# Records shown:
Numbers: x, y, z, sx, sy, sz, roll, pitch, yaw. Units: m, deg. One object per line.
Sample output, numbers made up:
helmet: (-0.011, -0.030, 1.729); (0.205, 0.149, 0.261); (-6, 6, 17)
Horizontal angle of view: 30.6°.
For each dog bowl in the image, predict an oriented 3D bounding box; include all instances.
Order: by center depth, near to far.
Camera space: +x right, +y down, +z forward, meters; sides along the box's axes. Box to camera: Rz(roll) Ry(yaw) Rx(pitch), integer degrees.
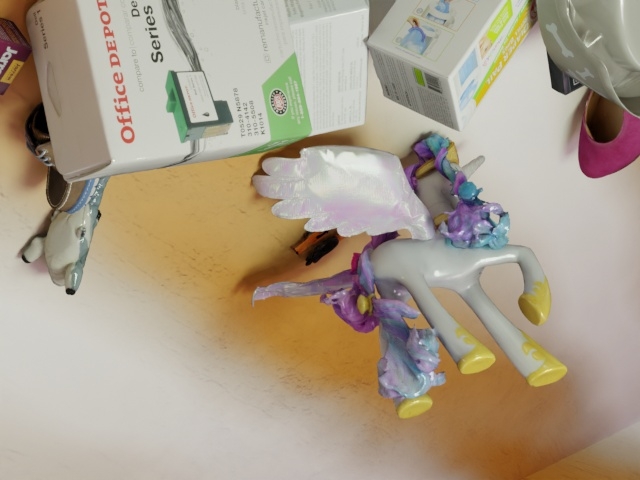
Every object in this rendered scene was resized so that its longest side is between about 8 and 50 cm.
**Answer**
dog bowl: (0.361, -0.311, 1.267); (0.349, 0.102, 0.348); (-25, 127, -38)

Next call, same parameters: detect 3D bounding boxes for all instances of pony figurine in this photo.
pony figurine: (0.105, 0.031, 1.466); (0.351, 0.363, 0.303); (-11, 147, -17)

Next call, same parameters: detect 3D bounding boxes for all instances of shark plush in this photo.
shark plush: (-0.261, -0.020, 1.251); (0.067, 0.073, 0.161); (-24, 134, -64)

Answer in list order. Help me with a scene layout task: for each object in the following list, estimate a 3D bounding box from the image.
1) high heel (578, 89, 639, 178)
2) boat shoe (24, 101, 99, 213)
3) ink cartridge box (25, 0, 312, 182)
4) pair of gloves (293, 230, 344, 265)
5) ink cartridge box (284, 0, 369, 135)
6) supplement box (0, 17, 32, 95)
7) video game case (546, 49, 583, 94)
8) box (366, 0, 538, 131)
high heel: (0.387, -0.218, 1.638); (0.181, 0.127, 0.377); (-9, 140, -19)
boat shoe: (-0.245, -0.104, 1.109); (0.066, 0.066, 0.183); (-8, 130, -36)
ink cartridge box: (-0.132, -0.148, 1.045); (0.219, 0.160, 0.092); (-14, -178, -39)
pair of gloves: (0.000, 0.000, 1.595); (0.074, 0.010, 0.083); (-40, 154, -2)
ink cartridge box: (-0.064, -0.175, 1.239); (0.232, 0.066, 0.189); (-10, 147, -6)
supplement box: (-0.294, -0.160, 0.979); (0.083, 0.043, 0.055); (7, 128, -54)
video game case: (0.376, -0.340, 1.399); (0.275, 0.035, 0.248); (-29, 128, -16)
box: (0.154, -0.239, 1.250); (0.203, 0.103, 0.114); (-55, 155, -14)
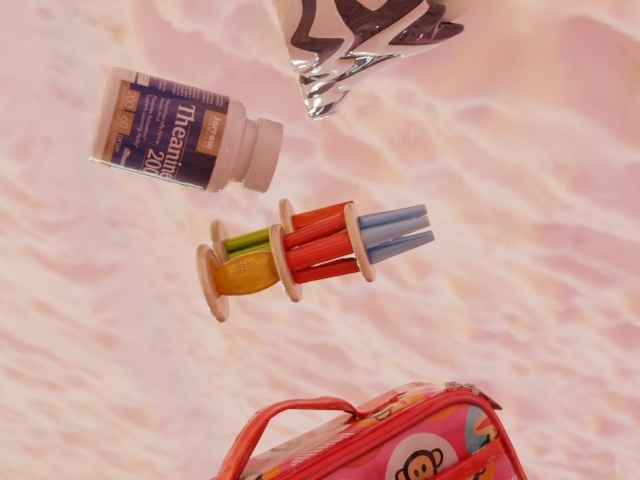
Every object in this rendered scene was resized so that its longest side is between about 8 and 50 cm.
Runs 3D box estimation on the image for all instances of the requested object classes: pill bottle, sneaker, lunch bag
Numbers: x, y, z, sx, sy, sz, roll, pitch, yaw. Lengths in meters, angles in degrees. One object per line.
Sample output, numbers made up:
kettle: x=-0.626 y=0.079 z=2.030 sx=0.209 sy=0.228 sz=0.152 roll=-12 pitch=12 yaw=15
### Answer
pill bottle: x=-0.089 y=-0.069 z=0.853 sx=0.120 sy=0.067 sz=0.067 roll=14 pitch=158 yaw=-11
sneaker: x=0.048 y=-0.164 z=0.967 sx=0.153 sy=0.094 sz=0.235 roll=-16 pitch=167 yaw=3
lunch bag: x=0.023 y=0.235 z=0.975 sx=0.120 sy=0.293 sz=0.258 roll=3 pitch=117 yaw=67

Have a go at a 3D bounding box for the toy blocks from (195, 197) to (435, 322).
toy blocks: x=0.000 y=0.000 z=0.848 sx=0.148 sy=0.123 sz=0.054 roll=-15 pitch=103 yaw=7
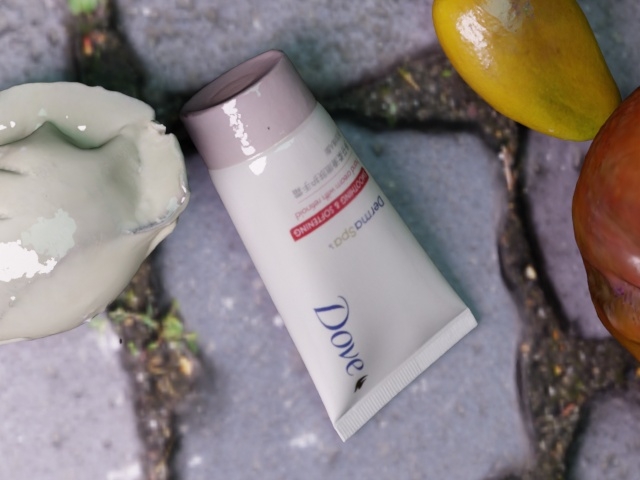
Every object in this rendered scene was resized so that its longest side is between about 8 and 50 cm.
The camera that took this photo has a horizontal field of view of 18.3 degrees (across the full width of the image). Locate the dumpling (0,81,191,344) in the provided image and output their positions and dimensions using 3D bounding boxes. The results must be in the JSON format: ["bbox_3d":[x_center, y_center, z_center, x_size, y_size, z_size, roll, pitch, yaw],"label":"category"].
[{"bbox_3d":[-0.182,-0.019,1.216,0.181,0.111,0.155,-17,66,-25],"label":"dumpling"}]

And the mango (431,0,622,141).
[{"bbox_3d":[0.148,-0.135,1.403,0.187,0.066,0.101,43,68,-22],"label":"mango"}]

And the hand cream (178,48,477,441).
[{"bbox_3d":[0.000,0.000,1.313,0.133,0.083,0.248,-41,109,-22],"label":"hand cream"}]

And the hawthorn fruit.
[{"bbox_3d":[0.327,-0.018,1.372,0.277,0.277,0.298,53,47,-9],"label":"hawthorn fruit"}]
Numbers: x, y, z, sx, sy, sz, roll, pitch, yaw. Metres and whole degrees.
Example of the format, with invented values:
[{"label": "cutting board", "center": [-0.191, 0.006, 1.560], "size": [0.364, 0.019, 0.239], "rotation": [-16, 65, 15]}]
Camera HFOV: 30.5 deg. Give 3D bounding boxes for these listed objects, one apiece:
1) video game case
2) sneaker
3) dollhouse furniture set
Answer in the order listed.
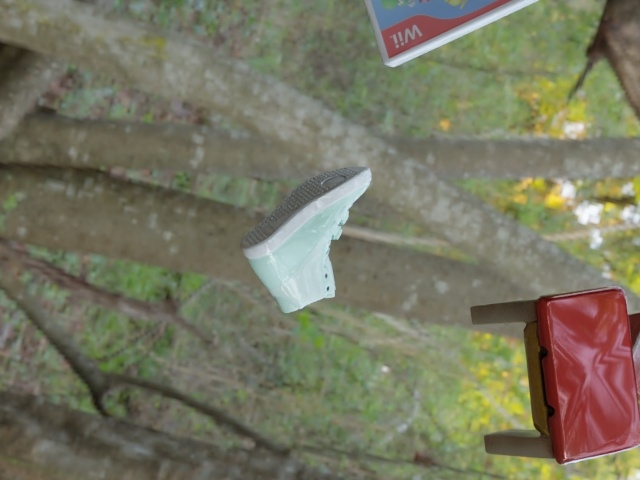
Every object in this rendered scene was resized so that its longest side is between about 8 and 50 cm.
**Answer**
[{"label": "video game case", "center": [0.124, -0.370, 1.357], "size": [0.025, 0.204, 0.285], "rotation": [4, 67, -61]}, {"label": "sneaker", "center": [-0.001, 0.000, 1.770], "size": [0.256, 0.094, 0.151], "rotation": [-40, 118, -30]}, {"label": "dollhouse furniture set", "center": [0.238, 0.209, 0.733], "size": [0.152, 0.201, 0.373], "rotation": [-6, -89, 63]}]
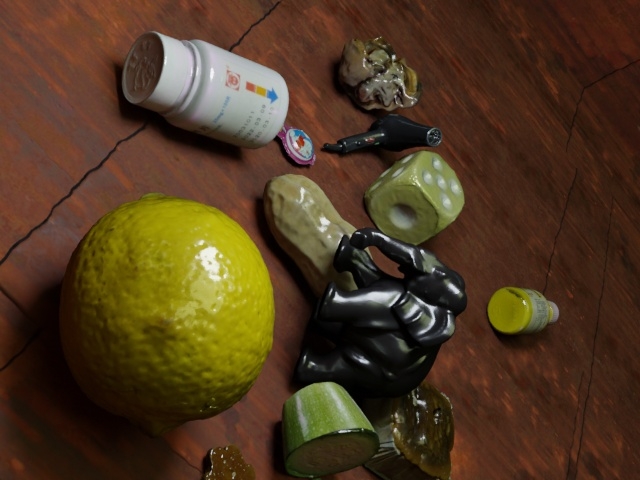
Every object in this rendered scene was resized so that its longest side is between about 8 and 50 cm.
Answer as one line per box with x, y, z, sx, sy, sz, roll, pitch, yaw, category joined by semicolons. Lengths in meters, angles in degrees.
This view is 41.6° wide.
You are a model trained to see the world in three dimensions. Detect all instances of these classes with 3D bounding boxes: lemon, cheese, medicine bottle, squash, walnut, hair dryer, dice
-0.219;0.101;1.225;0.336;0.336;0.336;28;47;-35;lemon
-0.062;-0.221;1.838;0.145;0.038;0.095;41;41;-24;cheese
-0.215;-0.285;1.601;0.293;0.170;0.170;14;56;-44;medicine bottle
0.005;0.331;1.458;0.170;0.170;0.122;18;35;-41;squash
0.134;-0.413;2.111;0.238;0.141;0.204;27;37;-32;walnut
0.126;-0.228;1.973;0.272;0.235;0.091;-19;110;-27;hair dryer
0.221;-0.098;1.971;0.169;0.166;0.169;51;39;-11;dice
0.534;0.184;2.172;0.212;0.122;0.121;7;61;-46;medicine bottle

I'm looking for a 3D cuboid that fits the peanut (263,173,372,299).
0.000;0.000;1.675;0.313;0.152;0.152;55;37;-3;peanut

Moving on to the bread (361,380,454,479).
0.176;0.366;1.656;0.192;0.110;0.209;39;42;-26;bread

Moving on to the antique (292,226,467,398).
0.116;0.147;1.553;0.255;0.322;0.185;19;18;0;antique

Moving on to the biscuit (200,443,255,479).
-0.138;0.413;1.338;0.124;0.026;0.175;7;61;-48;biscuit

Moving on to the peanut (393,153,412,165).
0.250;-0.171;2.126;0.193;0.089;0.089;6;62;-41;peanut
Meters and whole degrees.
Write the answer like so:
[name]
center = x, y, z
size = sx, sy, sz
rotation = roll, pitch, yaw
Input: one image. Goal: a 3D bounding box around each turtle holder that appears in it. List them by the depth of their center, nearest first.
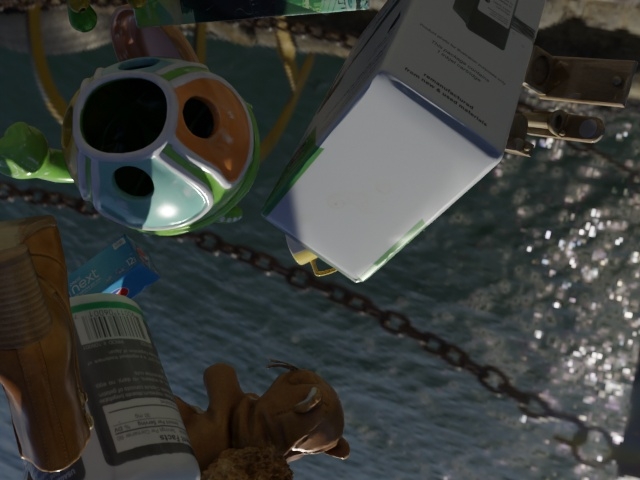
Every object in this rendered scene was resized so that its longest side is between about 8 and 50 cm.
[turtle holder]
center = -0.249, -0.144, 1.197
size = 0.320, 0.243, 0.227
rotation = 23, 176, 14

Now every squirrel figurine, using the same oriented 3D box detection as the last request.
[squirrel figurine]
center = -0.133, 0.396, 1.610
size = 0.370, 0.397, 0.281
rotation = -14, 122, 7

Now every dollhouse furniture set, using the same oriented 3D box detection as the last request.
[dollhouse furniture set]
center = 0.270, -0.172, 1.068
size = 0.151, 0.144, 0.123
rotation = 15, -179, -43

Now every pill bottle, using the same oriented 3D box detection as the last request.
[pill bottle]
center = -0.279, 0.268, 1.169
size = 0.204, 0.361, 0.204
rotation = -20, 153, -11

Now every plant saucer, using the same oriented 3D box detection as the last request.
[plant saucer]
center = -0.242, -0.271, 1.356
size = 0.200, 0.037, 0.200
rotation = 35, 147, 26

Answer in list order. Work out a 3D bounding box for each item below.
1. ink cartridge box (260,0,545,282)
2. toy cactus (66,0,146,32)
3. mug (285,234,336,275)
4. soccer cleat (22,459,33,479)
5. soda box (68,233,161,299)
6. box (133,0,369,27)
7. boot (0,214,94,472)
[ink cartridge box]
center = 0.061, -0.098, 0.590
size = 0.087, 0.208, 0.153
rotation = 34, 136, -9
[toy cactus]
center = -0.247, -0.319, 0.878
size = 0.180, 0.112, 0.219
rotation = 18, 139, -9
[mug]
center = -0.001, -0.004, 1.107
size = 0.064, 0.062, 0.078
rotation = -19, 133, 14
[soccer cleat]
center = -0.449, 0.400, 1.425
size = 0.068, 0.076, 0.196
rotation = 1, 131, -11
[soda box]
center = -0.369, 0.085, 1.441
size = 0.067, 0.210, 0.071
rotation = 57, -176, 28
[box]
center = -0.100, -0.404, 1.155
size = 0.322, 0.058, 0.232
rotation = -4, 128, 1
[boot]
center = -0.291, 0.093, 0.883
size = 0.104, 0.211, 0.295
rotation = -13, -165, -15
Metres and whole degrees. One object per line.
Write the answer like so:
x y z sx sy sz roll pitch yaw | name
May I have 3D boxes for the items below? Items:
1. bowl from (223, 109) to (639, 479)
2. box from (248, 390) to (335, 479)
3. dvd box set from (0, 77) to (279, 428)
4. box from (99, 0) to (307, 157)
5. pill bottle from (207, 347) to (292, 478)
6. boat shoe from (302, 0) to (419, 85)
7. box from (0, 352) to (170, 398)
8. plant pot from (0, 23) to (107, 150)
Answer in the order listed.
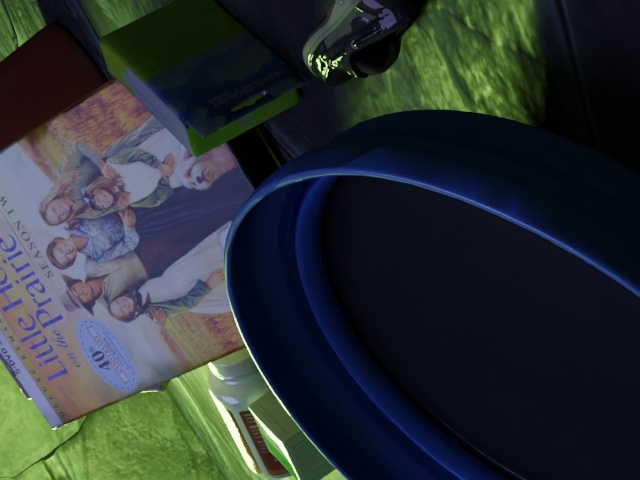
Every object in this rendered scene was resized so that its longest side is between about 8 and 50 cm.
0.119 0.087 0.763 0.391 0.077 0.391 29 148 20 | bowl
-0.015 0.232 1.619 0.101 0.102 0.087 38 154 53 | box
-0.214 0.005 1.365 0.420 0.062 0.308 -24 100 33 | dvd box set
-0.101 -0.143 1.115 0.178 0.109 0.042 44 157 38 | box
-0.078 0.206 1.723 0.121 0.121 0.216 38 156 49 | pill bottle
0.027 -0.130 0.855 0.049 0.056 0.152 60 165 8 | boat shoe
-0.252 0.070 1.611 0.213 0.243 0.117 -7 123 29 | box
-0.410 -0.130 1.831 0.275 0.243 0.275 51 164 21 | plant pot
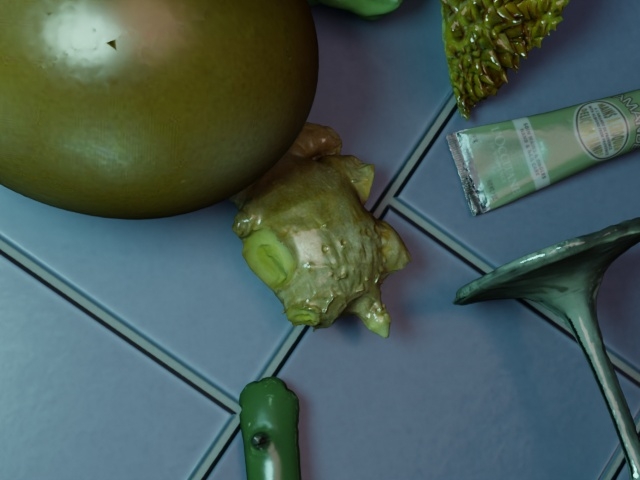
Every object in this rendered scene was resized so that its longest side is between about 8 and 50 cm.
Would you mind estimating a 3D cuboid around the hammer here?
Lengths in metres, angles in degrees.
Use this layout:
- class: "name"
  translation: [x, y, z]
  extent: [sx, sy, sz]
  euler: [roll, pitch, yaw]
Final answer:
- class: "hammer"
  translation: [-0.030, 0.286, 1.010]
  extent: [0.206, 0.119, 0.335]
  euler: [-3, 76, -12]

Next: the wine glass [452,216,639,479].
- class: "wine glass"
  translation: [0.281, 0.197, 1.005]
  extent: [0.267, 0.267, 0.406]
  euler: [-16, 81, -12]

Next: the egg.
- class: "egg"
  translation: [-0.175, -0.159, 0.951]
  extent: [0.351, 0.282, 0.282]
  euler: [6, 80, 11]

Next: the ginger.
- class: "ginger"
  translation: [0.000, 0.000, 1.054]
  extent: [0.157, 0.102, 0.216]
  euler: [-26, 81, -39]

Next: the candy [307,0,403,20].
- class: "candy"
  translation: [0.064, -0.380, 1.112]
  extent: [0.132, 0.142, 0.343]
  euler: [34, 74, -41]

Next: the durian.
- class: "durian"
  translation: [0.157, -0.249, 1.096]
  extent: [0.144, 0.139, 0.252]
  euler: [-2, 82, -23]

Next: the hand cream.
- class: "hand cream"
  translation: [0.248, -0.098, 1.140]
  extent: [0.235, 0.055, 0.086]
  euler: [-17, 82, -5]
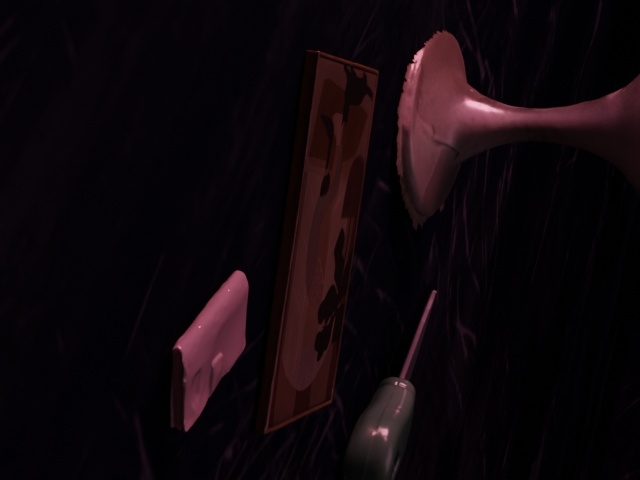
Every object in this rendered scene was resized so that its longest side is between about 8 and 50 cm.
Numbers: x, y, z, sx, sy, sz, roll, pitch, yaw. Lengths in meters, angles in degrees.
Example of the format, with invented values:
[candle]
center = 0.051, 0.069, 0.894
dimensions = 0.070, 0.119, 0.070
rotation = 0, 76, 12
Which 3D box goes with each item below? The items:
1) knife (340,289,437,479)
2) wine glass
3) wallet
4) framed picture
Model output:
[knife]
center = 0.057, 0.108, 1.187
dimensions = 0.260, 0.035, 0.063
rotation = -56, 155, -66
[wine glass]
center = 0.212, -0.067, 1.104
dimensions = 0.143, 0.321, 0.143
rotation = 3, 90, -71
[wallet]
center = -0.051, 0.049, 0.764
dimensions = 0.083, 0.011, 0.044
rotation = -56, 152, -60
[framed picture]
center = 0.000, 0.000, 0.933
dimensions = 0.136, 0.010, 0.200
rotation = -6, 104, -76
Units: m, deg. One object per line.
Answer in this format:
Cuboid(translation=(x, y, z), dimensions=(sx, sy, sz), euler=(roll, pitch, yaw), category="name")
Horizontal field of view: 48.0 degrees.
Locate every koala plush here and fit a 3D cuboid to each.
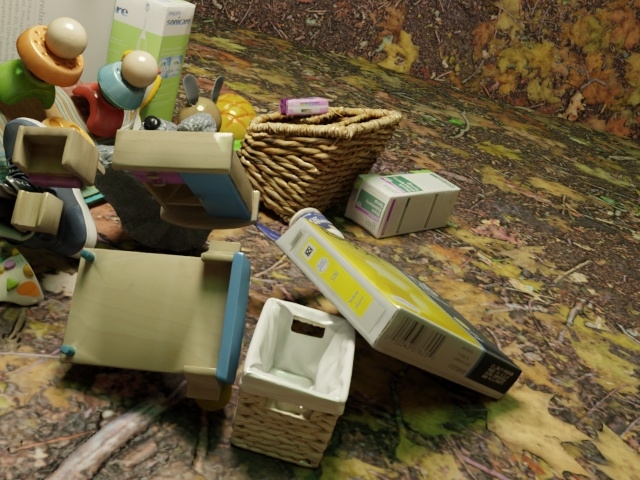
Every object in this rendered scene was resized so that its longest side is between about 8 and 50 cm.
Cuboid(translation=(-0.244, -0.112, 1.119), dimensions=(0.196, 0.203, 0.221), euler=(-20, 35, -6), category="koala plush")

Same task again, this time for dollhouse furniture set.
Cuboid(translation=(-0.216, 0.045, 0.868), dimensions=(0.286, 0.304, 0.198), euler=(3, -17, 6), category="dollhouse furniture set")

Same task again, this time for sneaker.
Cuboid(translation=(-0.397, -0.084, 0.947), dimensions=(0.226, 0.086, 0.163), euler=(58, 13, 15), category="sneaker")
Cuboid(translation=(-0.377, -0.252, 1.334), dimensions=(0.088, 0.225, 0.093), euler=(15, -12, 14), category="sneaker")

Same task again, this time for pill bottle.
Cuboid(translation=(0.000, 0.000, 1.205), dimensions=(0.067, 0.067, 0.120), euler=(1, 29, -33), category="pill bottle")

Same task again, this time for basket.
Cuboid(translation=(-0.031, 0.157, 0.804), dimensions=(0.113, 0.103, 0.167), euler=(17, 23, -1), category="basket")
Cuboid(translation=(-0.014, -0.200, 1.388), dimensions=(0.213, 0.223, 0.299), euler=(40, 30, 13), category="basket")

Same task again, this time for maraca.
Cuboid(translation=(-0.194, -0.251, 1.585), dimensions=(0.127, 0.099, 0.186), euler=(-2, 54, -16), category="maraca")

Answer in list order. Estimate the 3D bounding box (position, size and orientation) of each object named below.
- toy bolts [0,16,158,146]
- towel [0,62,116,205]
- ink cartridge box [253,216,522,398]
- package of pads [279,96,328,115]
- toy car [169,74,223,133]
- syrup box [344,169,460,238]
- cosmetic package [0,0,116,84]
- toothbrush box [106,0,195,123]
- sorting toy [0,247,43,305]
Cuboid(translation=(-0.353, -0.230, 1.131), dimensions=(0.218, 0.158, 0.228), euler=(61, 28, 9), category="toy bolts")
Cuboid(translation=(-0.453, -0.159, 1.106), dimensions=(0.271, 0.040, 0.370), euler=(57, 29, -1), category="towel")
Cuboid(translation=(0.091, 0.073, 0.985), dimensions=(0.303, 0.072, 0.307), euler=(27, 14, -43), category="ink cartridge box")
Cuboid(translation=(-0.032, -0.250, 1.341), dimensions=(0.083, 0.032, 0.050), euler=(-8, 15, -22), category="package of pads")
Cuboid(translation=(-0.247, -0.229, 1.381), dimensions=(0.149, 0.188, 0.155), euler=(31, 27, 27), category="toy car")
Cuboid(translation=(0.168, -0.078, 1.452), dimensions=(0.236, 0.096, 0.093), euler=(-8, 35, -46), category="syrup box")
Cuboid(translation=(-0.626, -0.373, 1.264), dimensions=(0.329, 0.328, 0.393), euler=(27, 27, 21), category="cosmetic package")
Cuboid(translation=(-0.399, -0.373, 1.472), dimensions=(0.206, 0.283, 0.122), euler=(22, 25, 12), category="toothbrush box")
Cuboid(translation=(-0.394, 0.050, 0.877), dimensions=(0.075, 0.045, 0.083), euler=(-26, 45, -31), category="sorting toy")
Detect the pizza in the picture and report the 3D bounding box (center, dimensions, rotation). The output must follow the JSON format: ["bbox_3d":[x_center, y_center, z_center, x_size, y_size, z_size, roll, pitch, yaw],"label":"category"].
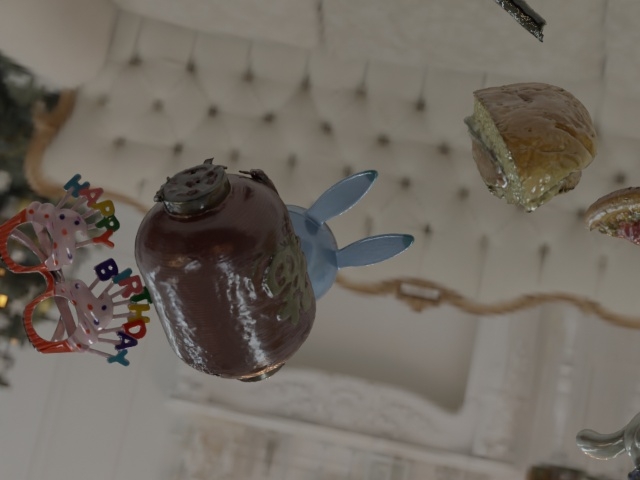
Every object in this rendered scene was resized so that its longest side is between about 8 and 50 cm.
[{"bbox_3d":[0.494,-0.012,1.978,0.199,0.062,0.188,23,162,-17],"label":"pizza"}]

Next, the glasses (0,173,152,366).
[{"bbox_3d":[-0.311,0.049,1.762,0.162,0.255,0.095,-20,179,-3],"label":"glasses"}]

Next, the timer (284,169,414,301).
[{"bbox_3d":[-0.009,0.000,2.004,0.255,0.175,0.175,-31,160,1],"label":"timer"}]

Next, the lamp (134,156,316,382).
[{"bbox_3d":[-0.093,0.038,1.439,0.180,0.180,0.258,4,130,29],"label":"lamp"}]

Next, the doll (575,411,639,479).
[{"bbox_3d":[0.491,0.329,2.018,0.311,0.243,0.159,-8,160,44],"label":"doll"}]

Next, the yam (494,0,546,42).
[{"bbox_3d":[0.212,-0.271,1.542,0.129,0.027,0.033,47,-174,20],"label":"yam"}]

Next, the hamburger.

# Work order:
Scan the records above and count the lines that contain "Units". No text besides the count.

# Task response:
2